In computer vision, huge neural networks with many layers of processing units are used to teach machines how to view and interpret the world around them by using data collected by cameras and other methods. One example of how computer vision is being used is in the development of self-driving vehicles. Engineers and scientists at BMW, Tesla, Volvo, and other car manufacturers have developed self-driving vehicles with multiple cameras, RADAR, LIDAR, and advanced sensors that gather and process visual information as the car navigates the road. The computer uses the information gathered through these sources to avoid pedestrians, other vehicles, and obstructions in the road. As the “brain” of the vehicle obtains more information, it is theoretically better able to navigate safely. Other examples include smartphones that are programmed to unlock by scanning our faces, and scanning technology that has been found to be better at finding cancerous growths on mammograms than radiologists. Computer vision scientists and engineers design and develop image processing algorithms and optical systems for 2–D and 3–D applications.
Natural language processing (NLP) is an AI subdiscipline that aims to teach computers to understand, interpret, and manipulate spoken and written human language.
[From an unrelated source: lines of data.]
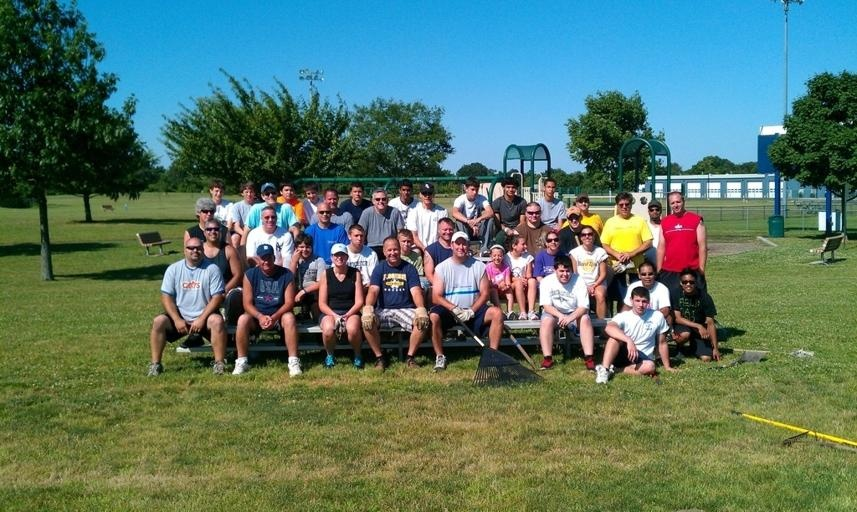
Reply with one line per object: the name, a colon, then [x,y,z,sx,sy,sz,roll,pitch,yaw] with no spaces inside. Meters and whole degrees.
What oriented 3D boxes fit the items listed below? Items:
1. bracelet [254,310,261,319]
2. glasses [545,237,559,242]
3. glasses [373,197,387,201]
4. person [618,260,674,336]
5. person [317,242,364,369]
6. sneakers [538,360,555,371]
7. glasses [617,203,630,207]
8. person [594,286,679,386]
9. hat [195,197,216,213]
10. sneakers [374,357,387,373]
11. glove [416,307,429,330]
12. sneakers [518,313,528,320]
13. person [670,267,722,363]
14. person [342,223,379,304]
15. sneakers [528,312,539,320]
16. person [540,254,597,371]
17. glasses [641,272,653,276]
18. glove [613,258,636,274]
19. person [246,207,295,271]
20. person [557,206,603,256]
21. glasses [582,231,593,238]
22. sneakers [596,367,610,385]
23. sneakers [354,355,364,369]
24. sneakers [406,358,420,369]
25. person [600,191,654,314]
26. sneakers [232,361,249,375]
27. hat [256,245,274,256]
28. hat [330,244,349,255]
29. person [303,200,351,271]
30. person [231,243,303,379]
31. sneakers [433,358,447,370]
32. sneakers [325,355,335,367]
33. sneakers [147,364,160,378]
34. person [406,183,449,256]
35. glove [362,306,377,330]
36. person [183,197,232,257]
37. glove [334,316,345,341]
bracelet: [-3.310,1.140,16.591,0.140,0.128,0.040,2,-17,-5]
glasses: [2.453,-0.349,17.239,0.234,0.107,0.141,-1,4,6]
glasses: [-1.020,-1.181,18.037,0.228,0.092,0.122,-2,4,-5]
person: [4.176,0.786,16.729,1.105,1.264,0.976,-6,11,4]
person: [-1.710,0.973,16.764,0.902,2.400,0.529,-2,4,-7]
sneakers: [2.288,2.066,16.712,0.245,0.208,0.354,-1,4,7]
glasses: [4.025,-1.049,17.876,0.259,0.090,0.163,0,4,15]
person: [3.854,1.446,16.343,1.506,1.738,0.561,-2,4,-13]
hat: [-4.564,-1.044,17.583,0.325,0.348,0.374,1,-7,-19]
sneakers: [-0.944,2.087,16.641,0.212,0.280,0.316,-2,4,-3]
glove: [-0.142,1.206,16.635,0.264,0.417,0.180,-2,4,-2]
sneakers: [1.873,1.218,17.187,0.117,0.111,0.289,-1,-4,5]
person: [5.214,1.154,17.005,1.197,1.741,1.033,11,21,43]
person: [-1.400,0.099,17.165,0.977,1.437,1.018,-2,1,6]
sneakers: [2.107,1.192,17.228,0.178,0.148,0.410,0,4,25]
person: [2.677,1.088,16.781,1.054,2.164,0.698,-1,4,6]
glasses: [4.224,0.351,16.706,0.255,0.089,0.113,-2,4,-6]
glove: [3.986,0.212,17.630,0.361,0.120,0.275,-8,16,-14]
person: [-3.266,-0.379,17.592,0.998,1.278,0.872,-3,14,-15]
person: [3.321,-0.553,18.220,1.026,0.886,0.580,-5,12,15]
glasses: [3.176,-0.437,17.259,0.288,0.136,0.153,-2,4,-6]
sneakers: [3.245,2.212,16.109,0.264,0.284,0.372,0,4,15]
sneakers: [-1.376,2.045,16.775,0.177,0.249,0.283,-2,4,-4]
sneakers: [-0.322,2.071,16.755,0.251,0.189,0.276,-2,4,-10]
person: [4.169,0.063,17.991,1.195,2.640,0.910,-2,17,17]
sneakers: [-3.622,2.122,16.496,0.333,0.251,0.227,-3,4,-17]
hat: [-3.181,-0.113,16.617,0.317,0.224,0.198,-2,4,-13]
hat: [-1.756,-0.136,16.770,0.317,0.208,0.306,-2,4,-13]
person: [-2.167,-0.398,17.753,1.057,1.217,0.686,1,-8,-9]
person: [-3.165,1.013,16.626,1.284,2.474,0.816,-2,4,-9]
sneakers: [0.210,2.088,16.626,0.184,0.142,0.374,-2,-8,5]
sneakers: [-1.939,2.036,16.793,0.229,0.229,0.322,-2,4,-8]
sneakers: [-5.244,2.169,16.440,0.273,0.202,0.267,-2,4,-15]
person: [-0.033,-0.767,18.602,1.059,1.551,0.953,-6,2,-1]
glove: [-1.166,1.193,16.511,0.337,0.421,0.120,-1,0,4]
person: [-4.569,-0.593,17.679,1.000,1.165,0.751,0,-10,-31]
glove: [-1.735,1.407,16.740,0.299,0.378,0.156,4,8,1]

One example of NLP is found in online and telephone customer service. NLP-powered software allows customers to receive assistance without ever talking to an actual human being. The use of NLP reduces the number of customer service professionals a company has to employ and allows it to assist more customers at one time. Natural language processing scientists and engineers use their knowledge of technology and human language to develop NLP models that train computer systems to communicate intelligently with humans.